[Opening Data to process section]

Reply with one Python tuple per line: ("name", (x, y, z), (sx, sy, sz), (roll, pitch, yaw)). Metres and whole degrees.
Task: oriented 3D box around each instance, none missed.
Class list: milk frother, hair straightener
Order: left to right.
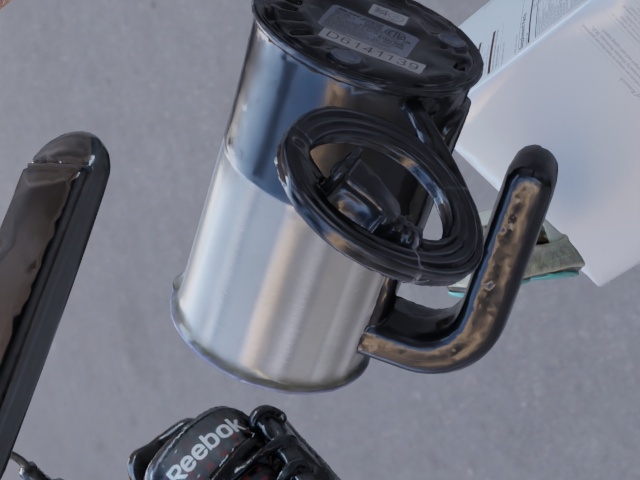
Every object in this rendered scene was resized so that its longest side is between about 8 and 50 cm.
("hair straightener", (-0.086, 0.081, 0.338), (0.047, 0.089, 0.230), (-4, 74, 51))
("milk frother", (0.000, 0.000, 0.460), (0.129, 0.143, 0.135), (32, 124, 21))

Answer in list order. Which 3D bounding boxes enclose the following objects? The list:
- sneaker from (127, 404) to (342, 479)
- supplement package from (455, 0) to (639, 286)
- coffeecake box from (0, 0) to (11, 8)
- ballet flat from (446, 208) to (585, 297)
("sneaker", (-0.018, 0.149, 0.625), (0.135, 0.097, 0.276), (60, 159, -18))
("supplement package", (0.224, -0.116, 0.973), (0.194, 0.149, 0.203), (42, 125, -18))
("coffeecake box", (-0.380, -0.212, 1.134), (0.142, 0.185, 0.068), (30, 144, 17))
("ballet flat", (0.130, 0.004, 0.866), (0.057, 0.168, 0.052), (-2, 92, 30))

[Closing Data to process section]

Task objective:
Wherever an image appears in the data, omit it and repeat everything else exactly.

Solution for this exercise:
Reply with one Python tuple per line: ("name", (x, y, z), (sx, sy, sz), (roll, pitch, yaw)). Metres and whole degrees.
Task: oriented 3D box around each instance, none missed.
Class list: milk frother, hair straightener
Order: left to right.
Every object in this rendered scene was resized so that its longest side is between about 8 and 50 cm.
("hair straightener", (-0.086, 0.081, 0.338), (0.047, 0.089, 0.230), (-4, 74, 51))
("milk frother", (0.000, 0.000, 0.460), (0.129, 0.143, 0.135), (32, 124, 21))

Answer in list order. Which 3D bounding boxes enclose the following objects? The list:
- sneaker from (127, 404) to (342, 479)
- supplement package from (455, 0) to (639, 286)
- coffeecake box from (0, 0) to (11, 8)
- ballet flat from (446, 208) to (585, 297)
("sneaker", (-0.018, 0.149, 0.625), (0.135, 0.097, 0.276), (60, 159, -18))
("supplement package", (0.224, -0.116, 0.973), (0.194, 0.149, 0.203), (42, 125, -18))
("coffeecake box", (-0.380, -0.212, 1.134), (0.142, 0.185, 0.068), (30, 144, 17))
("ballet flat", (0.130, 0.004, 0.866), (0.057, 0.168, 0.052), (-2, 92, 30))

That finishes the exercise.